American financial power is steadily slipping, and with it the ability to ensure the country’s and the world’s economic and geopolitical stability. And what will have happen if the world giddily adopts some cryptocurrency or stablecoin as an alternative global currency and the dollar is not able to be used to impose sanctions to prevent global conflicts?
In the face of this reality politicians continuously seek to find ways to restrain U.S. banks and allocate credit based on the politics of the moment. But the empirical evidence says that in the last 50 years, the number of banks and savings institutions in America has dropped from approximately 20,000 to 5,000 as the market share of the top 10 U.S. banks measured by assets has increased from about 22 percent to 60 percent.

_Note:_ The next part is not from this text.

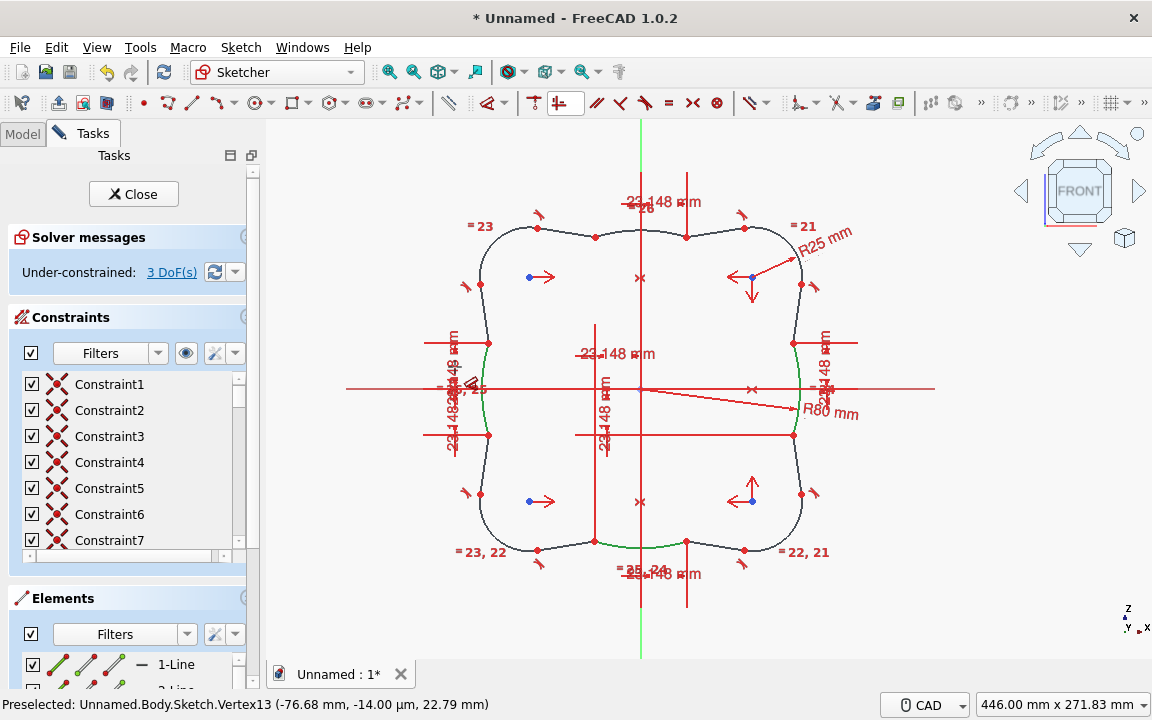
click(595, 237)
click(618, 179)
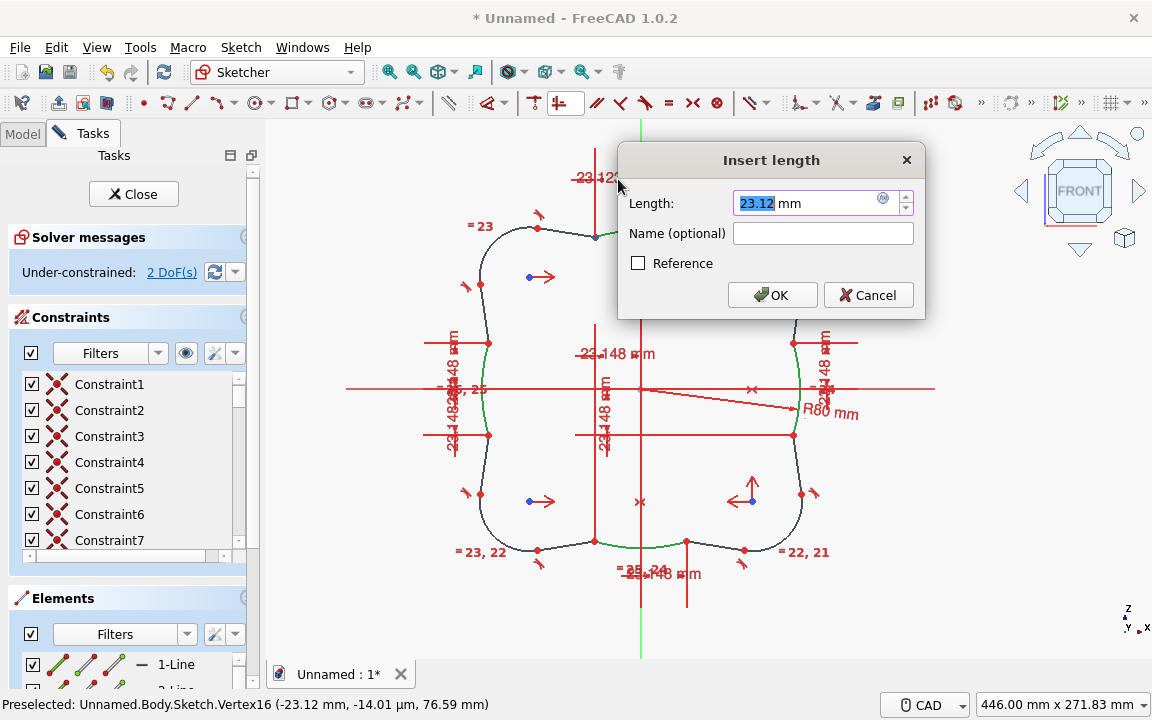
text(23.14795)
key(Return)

Some see this as a dangerous trend, but there is more liquidity, capital, credit and product availability in the financial system serving a broader range of customers than ever before. In the last decade alone, the number of unbanked Americans dropped by 3 percent.
Those who would handicap our financial system’s ability to run the race by arbitrarily fretting over issues long since obliterated by technology and world events to restrict the healthy growth of the U.S. banking system will now hopefully wake up and appreciate how economic power translates into geopolitical power. The U.S. knows how to regulate and nurture both a stable and powerful banking system.
We can address the need to maintain both a powerful economic machine and one that is safe and secure and that serves the interests of consumers and the planet. There are important roles for both large and community banks to take.
As long as we prioritize the maintenance of an economy and banking system that are powerful enough to protect our democracy, we will be on the right path. If we don’t, lesser priorities will never have a chance to matter.
Thomas P. Vartanian is executive director of the Financial Technology & Cybersecurity Center and author of “200 Years of American Financial Panics: Crashes, Recessions, Depressions And The Technology That Will Change It All.”